What was the solution? (How)

Added six new primitive diagnostic tools to the MCP server:

  • search_jobs - Find jobs by status (FAILED, SUCCEEDED, etc.) and name
  • get_job - Get detailed job information including task counts
  • list_steps - List all steps in a job with their status
  • list_tasks - List all tasks in a step with their status
  • list_sessions - List all sessions for a job
  • get_session - Get session details including log configuration

Enhanced the MCP server's INSTRUCTIONS with a complete debugging workflow that guides AI assistants through:

  1. Searching for failed jobs
  2. Getting job details
  3. Listing steps to find failures
  4. Listing tasks in failed steps
  5. Getting sessions
  6. Retrieving logs (with AWS CLI fallback when MCP returns empty)

Updated the design document to reflect the primitive-only approach (removed the composite diagnose_failed_job tool that was initially planned but not implemented).

What is the impact of this change?

AI assistants using the MCP server can now:

  • Systematically debug failed Deadline Cloud jobs
  • Follow a guided workflow from job discovery to log analysis
  • Fall back to AWS CLI when CloudWatch logs aren't immediately available via MCP

This enables hands-free job debugging through conversational AI interfaces like Kiro.

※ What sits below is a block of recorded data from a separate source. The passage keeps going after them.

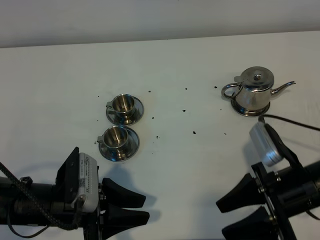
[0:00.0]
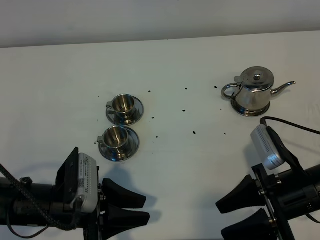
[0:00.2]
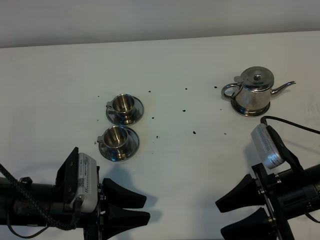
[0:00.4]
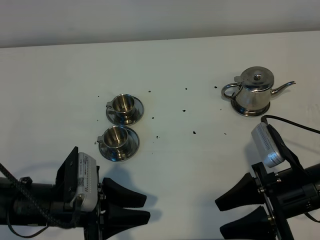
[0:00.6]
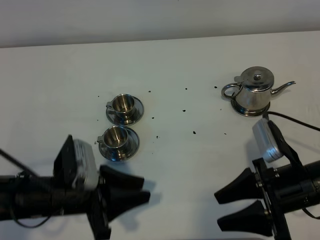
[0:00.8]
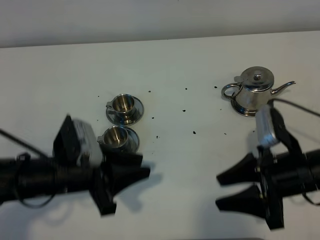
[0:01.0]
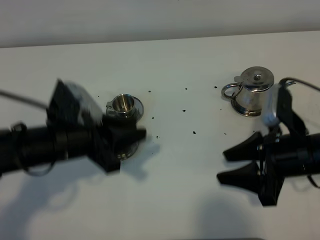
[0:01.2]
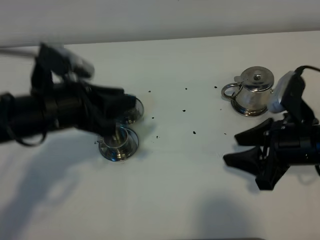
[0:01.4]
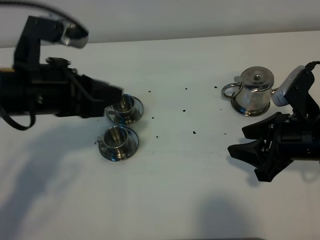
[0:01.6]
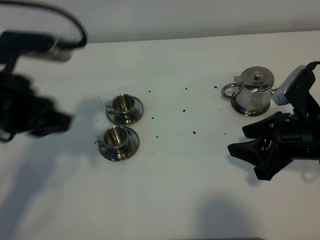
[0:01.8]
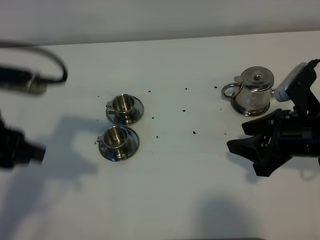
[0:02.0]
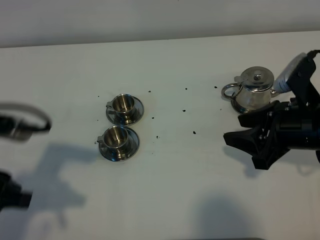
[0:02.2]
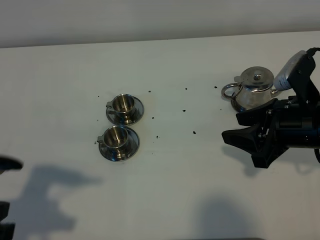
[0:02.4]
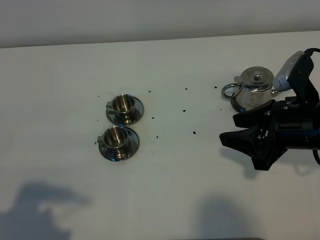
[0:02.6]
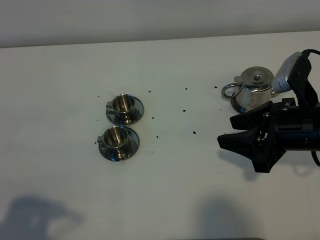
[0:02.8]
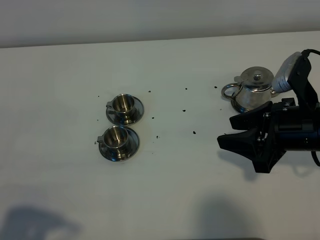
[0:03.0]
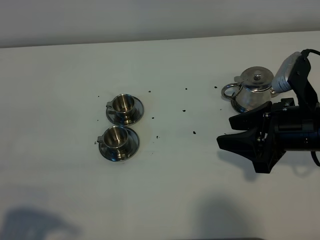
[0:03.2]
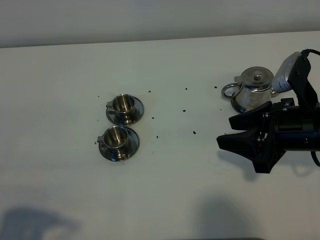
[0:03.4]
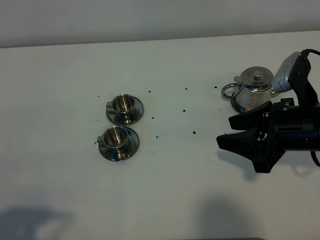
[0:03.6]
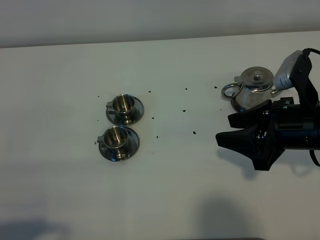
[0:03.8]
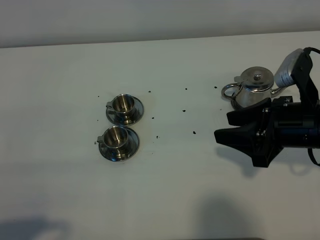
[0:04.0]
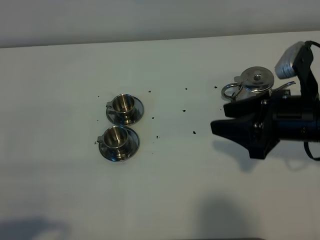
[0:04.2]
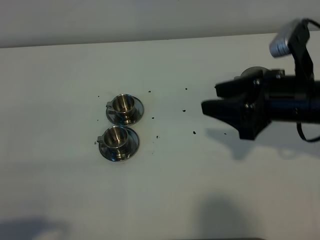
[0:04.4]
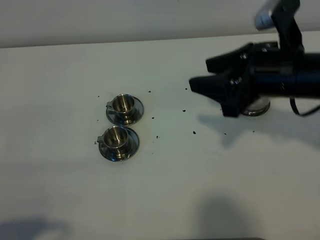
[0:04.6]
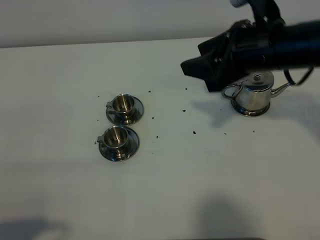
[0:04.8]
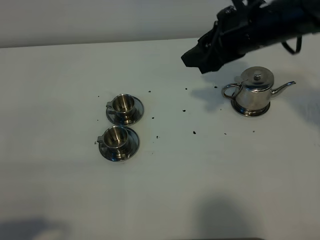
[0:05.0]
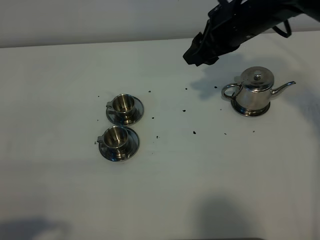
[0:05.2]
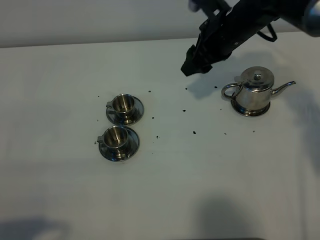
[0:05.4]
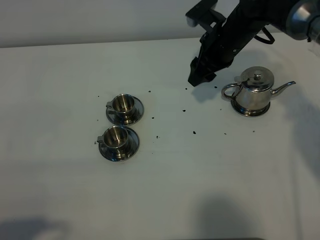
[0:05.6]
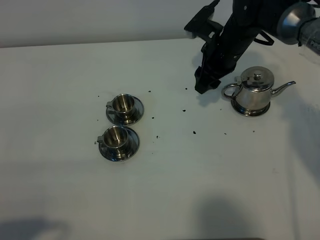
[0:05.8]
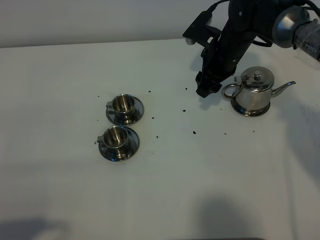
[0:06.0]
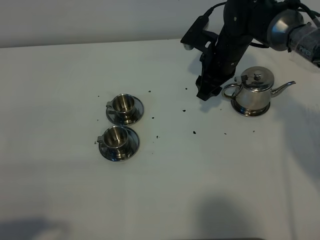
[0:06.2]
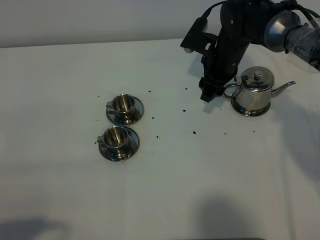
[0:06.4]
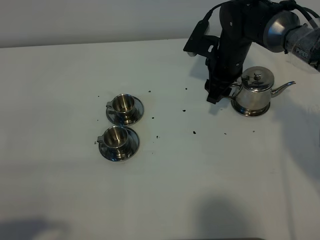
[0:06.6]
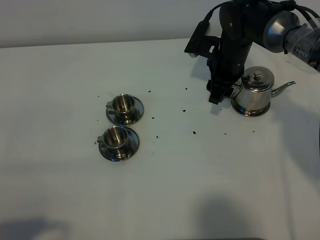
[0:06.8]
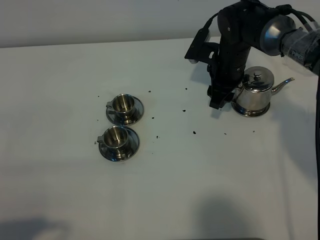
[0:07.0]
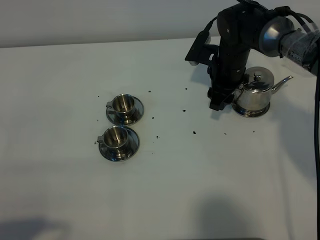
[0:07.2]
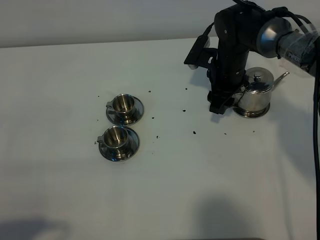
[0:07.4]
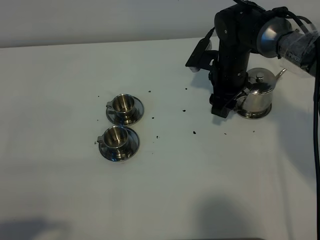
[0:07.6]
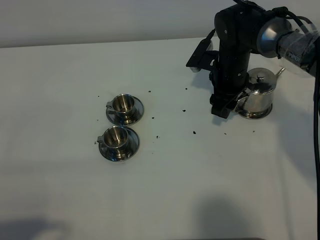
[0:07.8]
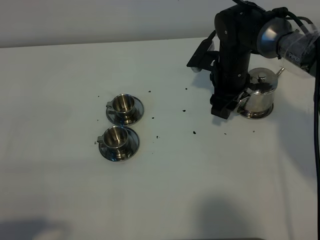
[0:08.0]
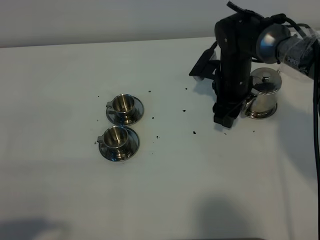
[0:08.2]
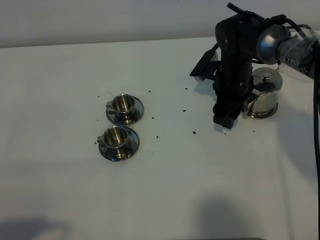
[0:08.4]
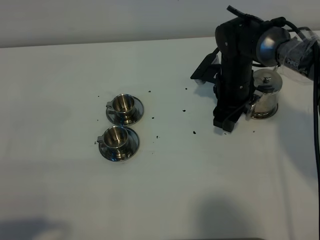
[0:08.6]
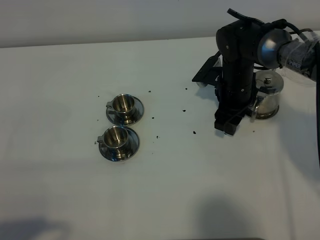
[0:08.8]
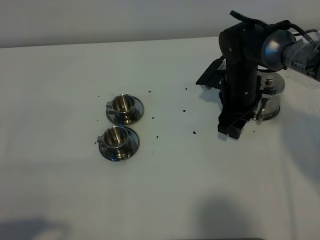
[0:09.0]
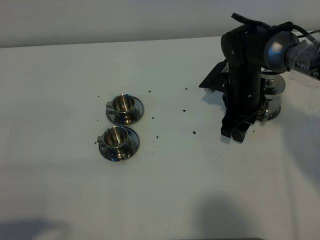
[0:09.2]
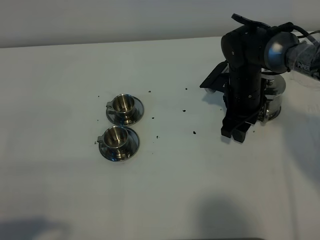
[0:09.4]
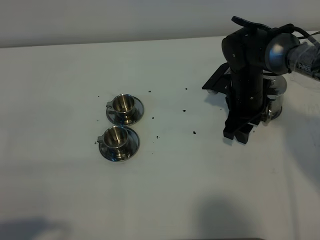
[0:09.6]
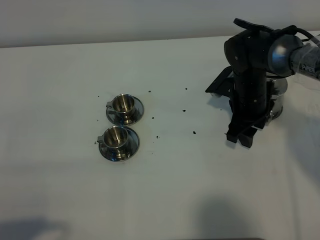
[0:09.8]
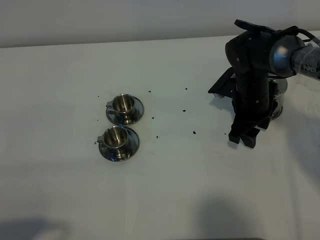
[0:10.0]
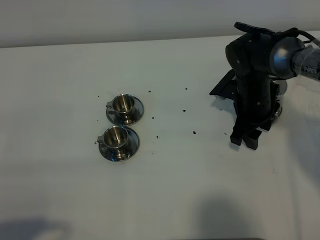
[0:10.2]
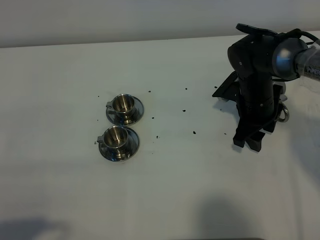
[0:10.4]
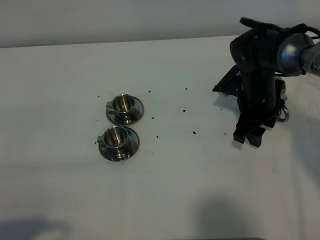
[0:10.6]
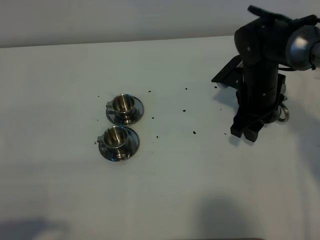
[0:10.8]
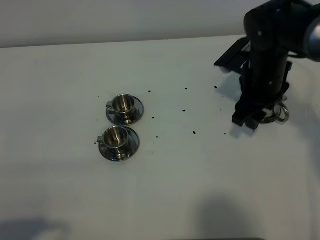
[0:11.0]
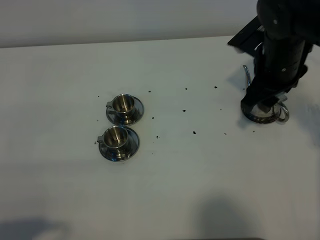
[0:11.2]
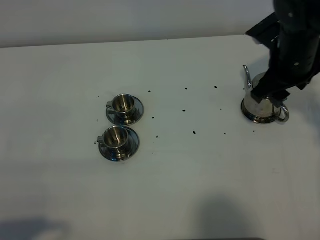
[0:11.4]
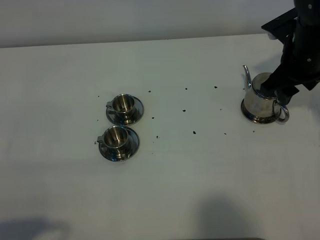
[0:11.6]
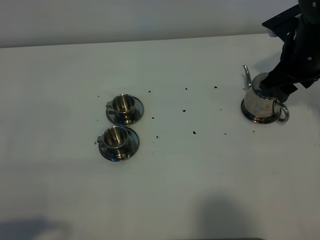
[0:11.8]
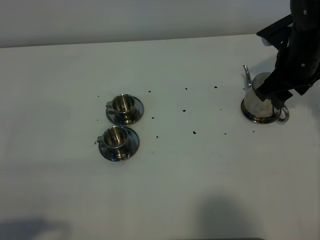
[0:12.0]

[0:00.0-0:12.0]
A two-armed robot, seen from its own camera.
Task of the whole recording: grasp the stainless steel teapot and pour the tea into the two stainless steel teacups one by one, put the stainless steel teapot back in its original place.
0:00.0 to 0:01.6: The left gripper shifts approximately 20 cm upward and forward, while the right gripper is displaced forward by approximately 5 cm.
0:01.6 to 0:03.0: The left gripper is displaced backward and to the left by approximately 25 cm.
0:03.0 to 0:04.4: The right gripper ends up some 5 cm from where it was.
0:04.4 to 0:06.0: The right gripper moves forward and downward, roughly 20 cm.
0:06.0 to 0:07.6: The grippers stay close to where they were, moving slightly.
0:07.6 to 0:09.0: The grippers make only small movements.
0:09.0 to 0:10.4: The grippers make only small movements.
0:10.4 to 0:12.0: The right gripper heads upward and to the right, covering about 10 cm.

How was this change tested?

Manual Testing via MCP:

  • Listed farms and queues successfully
  • Searched for failed jobs and found multiple results
  • Retrieved job details showing task failure counts
  • Listed 130+ sessions for a failed job
  • Attempted log retrieval (found logs were empty via MCP)
  • Successfully retrieved logs using AWS CLI fallback with --start-from-head
  • Diagnosed root cause: Conda package nuke=14.* not available in channel

Example interaction:

MCP Interaction Summary
Goal: Debug a failed Deadline Cloud job using the MCP server's diagnostic tools.

Workflow:

Listed Farms & Queues

Used deadline_list_farms to find farm ID
Used deadline_list_queues to find queue IDs
Searched for Failed Jobs

Used deadline_search_jobs with task_run_status="FAILED"
Found job job-2542af1188b0443881b87f02ab494eaf (Nuke render job with 21 failed tasks)
Listed Sessions

Used deadline_list_sessions to get all sessions for the failed job
Found 130+ sessions (many short-lived failures)
Attempted to Get Logs via MCP

Used deadline_get_session_logs on multiple sessions
All returned empty results (logs may have been at different stream positions or expired)
Fallback to AWS CLI

Used aws logs get-log-events with --start-from-head flag
Successfully retrieved logs from session session-74bedd83d99b4998bac49b6754ed8cdf
Root Cause Found
Error: PackagesNotFoundError: The following packages are not available from current channels: - nuke=14*

Explanation: The job tried to create a Conda environment with nuke=14.* from the deadline-cloud channel, but that package doesn't exist in the channel. The job parameters specified both Conda packages and Docker images, suggesting a configuration mismatch.

Key Learnings
MCP Tools Work Well for Discovery - Finding farms, queues, jobs, and sessions was straightforward
Log Retrieval Needs Fallback - When deadline_get_session_logs returns empty, use AWS CLI with --start-from-head
Updated Documentation - Added AWS CLI fallback instructions to server.py INSTRUCTIONS

The MCP server now teaches AI assistants the complete debugging workflow using primitive tools, with clear guidance on using AWS CLI when logs aren't immediately available.

Validation:

  • Ran hatch run lint - all checks passed
  • Ran hatch run fmt - code properly formatted
  • Verified MCP server restarts and loads new instructions

Was this change documented?

  • Relevant docstrings added to all new functions in _diagnostics.py
  • MCP server INSTRUCTIONS updated with complete debugging workflow
  • Design document docs/design/mcp-job-diagnostics.md updated to reflect primitive-only approach
  • README.md - No changes needed (MCP server usage is documented in docs/mcp_guide.md)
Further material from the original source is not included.